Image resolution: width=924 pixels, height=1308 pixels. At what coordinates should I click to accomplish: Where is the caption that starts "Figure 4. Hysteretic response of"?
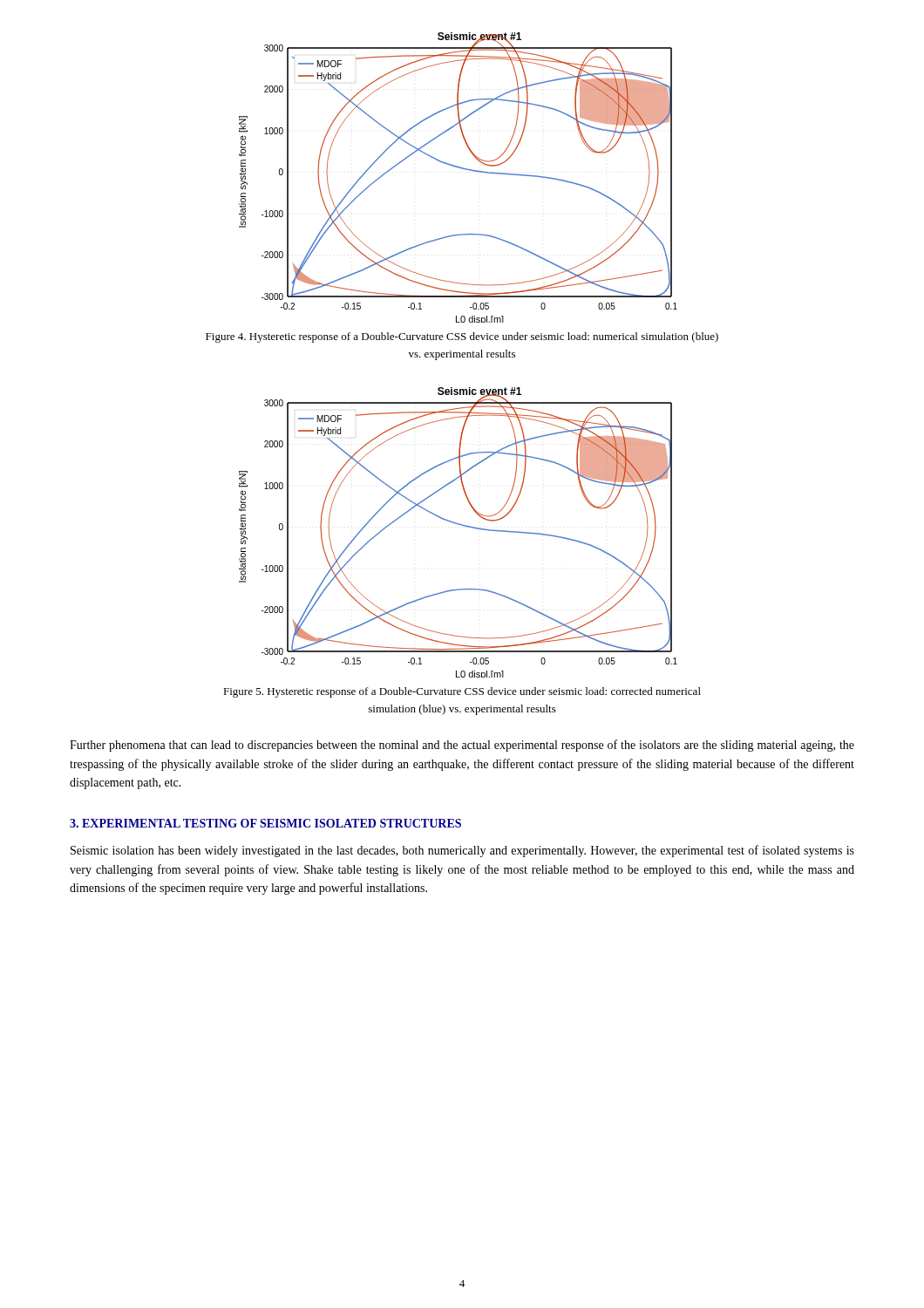click(x=462, y=345)
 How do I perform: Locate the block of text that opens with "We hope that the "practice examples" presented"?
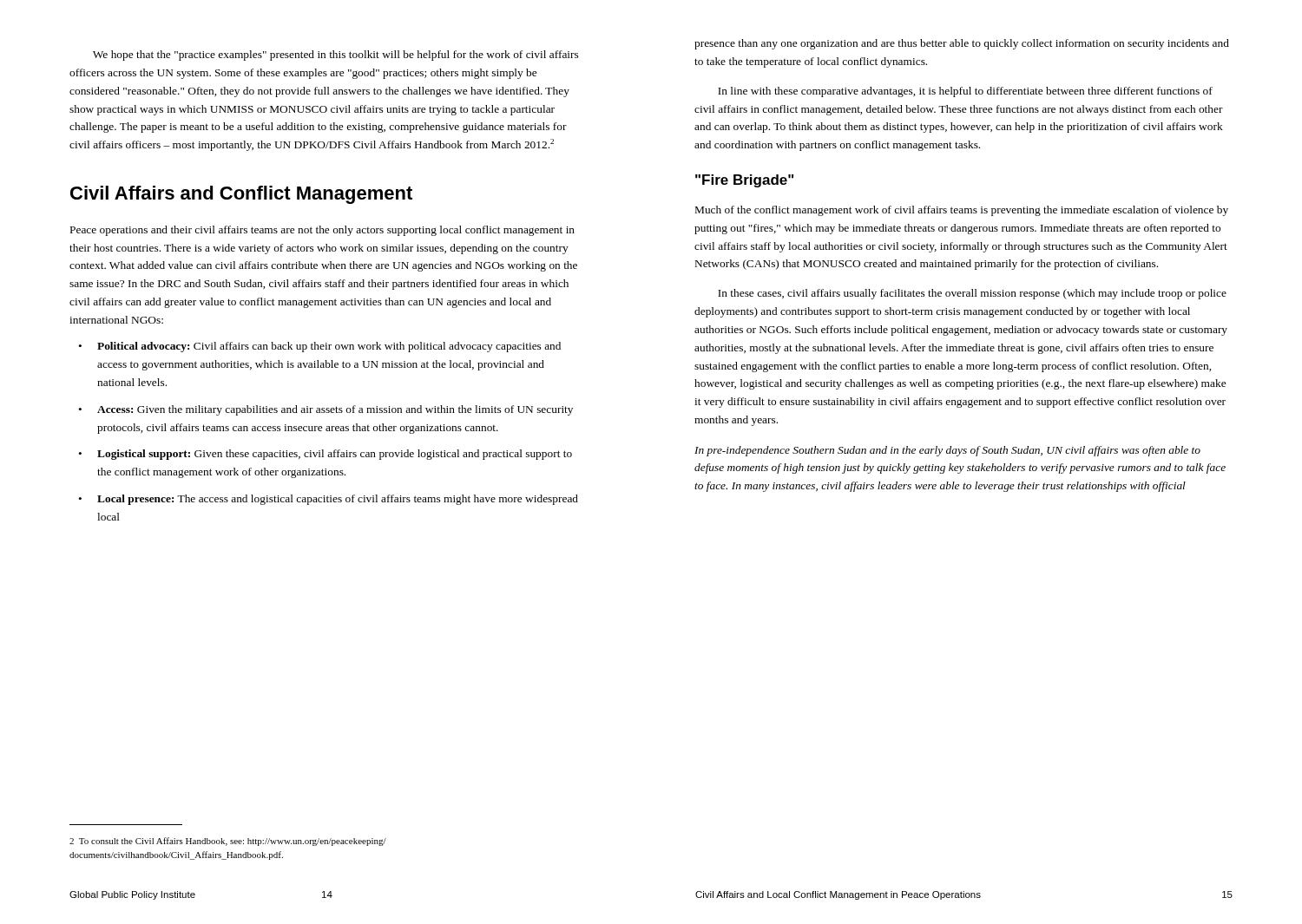click(x=326, y=101)
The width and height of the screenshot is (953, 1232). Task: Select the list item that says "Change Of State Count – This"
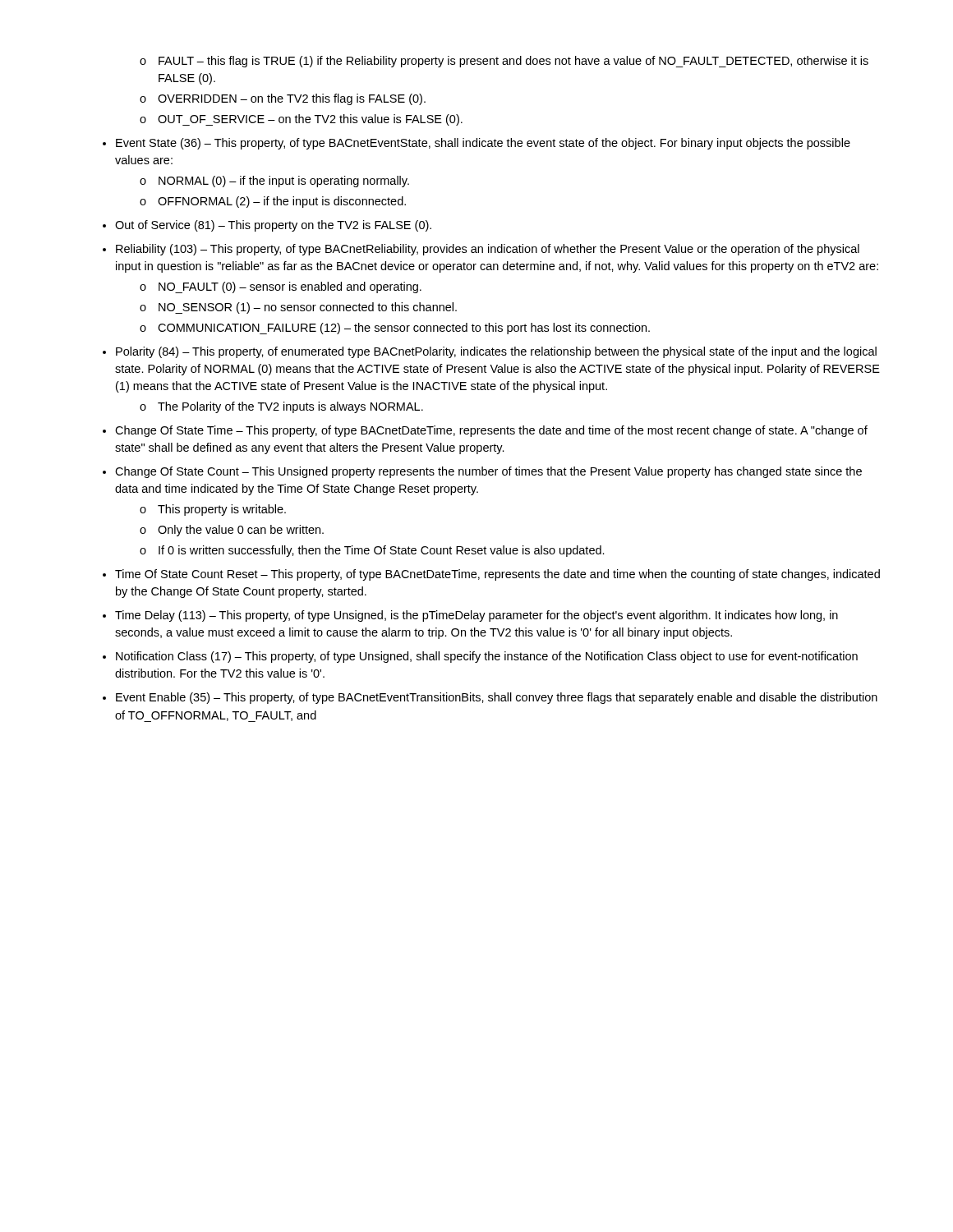click(488, 472)
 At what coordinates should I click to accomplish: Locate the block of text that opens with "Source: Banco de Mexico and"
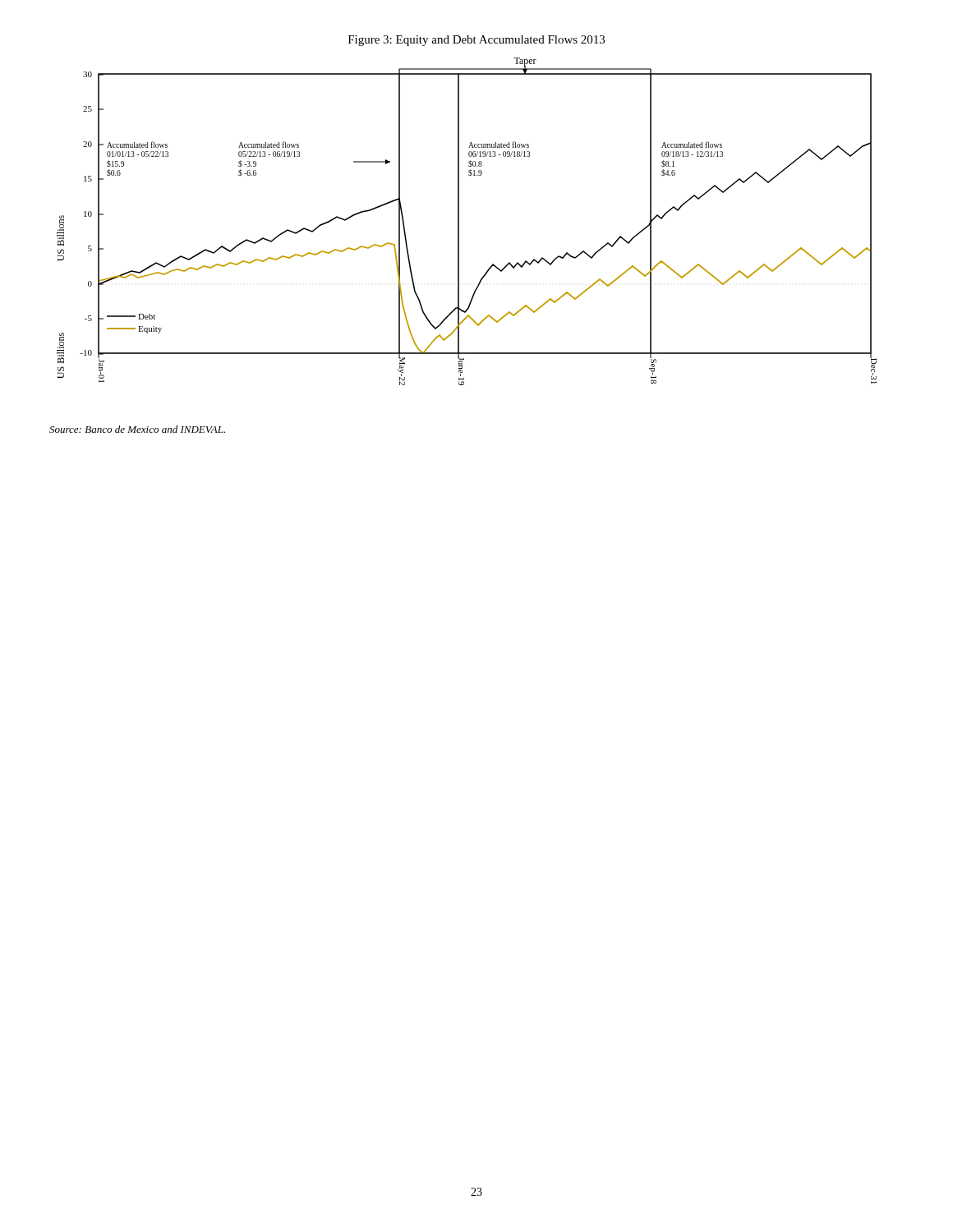[x=138, y=429]
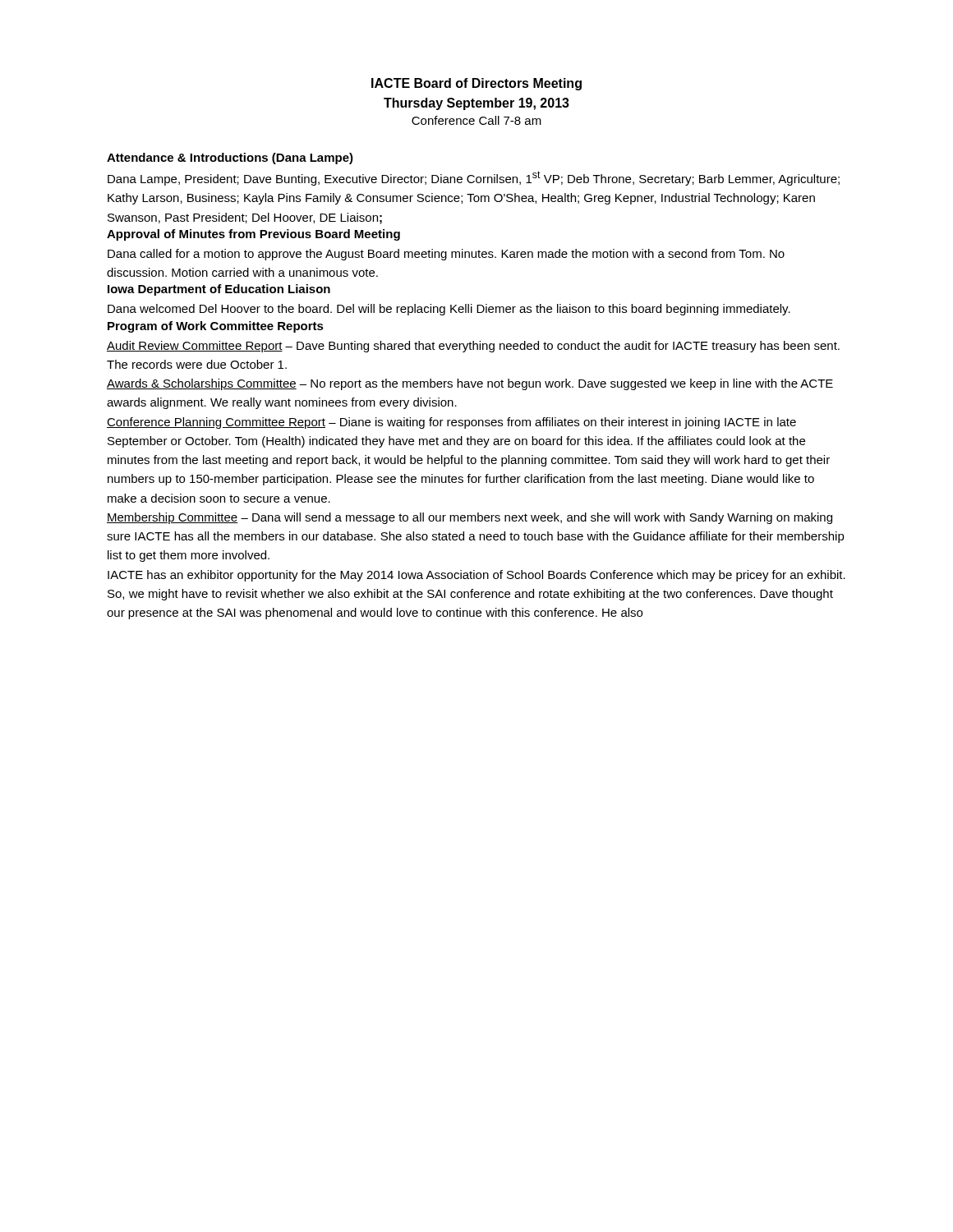Find the block on this page that starts "IACTE has an exhibitor opportunity for the May"
The height and width of the screenshot is (1232, 953).
tap(476, 593)
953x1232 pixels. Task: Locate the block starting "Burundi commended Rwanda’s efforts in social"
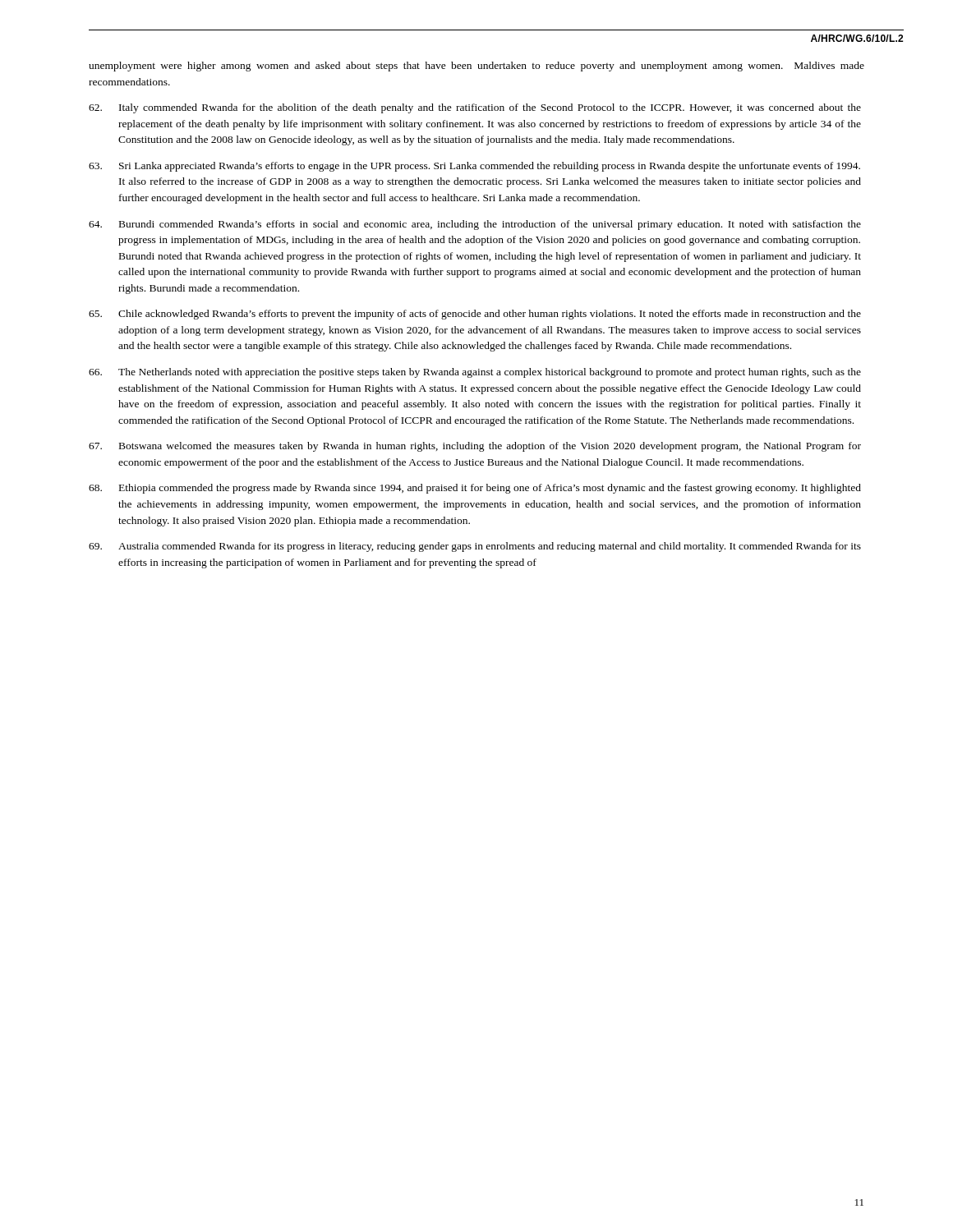click(x=475, y=256)
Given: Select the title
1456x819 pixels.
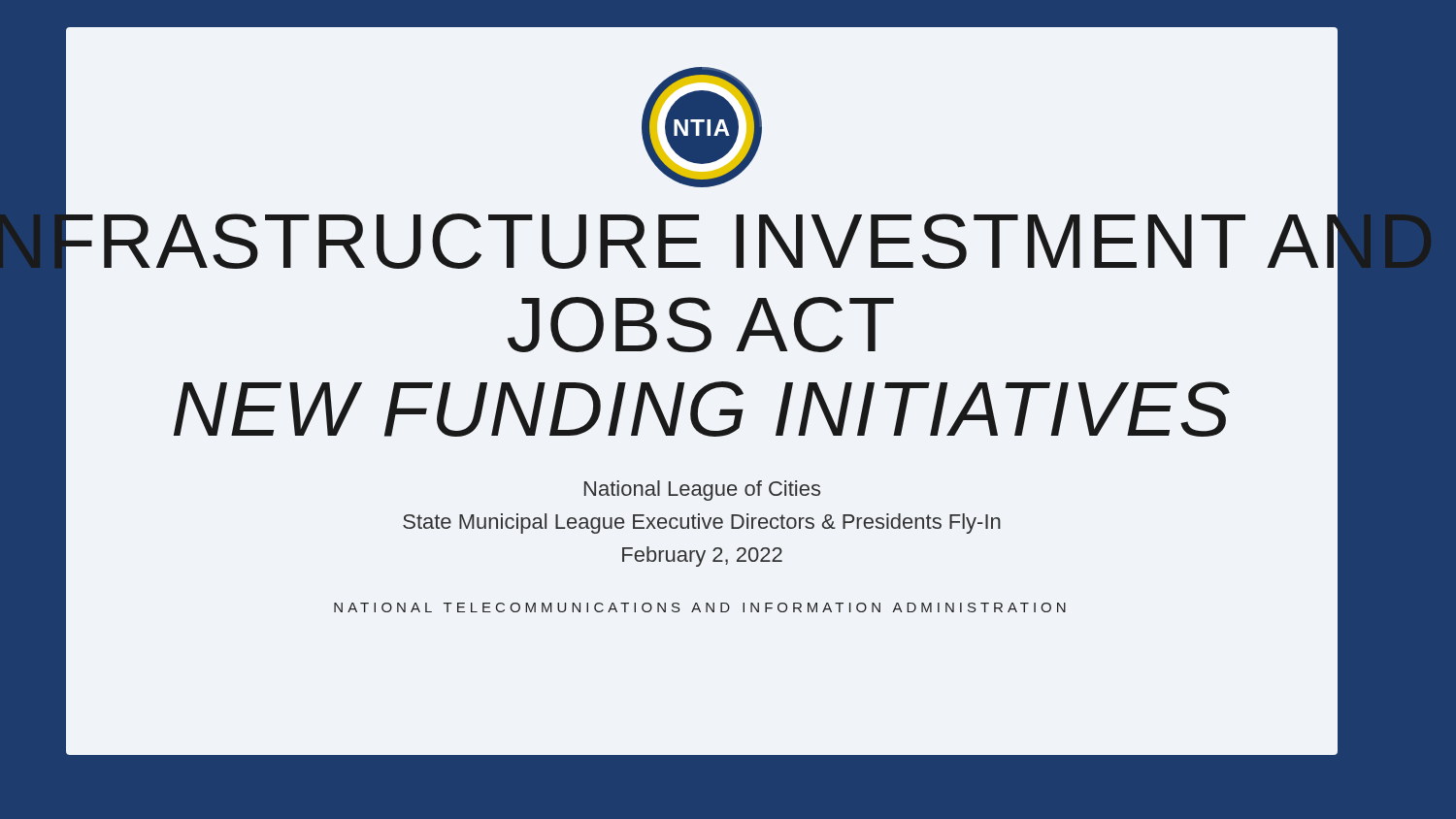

▶ What is expected: Write out the lines of the material above exactly, from its first line through the line that contains "Given: Select the title", so that no picture appears in the copy.

▶ Task output:
Image resolution: width=924 pixels, height=1308 pixels. At what coordinates should I click to accomplish: Where is the caption that starts "Figure 4. Hysteretic response of"?
click(x=462, y=345)
 How do I perform: Locate the block of text that opens with "We hope that the "practice examples" presented"?
click(x=326, y=101)
The width and height of the screenshot is (953, 1232). Task: Select the list item that says "Change Of State Count – This"
click(488, 472)
 At what coordinates should I click to accomplish: Locate the block of text that opens with "Source: Banco de Mexico and"
[x=138, y=429]
Find the block on this page that starts "IACTE has an exhibitor opportunity for the May"
The height and width of the screenshot is (1232, 953).
tap(476, 593)
953x1232 pixels. Task: Locate the block starting "Burundi commended Rwanda’s efforts in social"
click(x=475, y=256)
Given: Select the title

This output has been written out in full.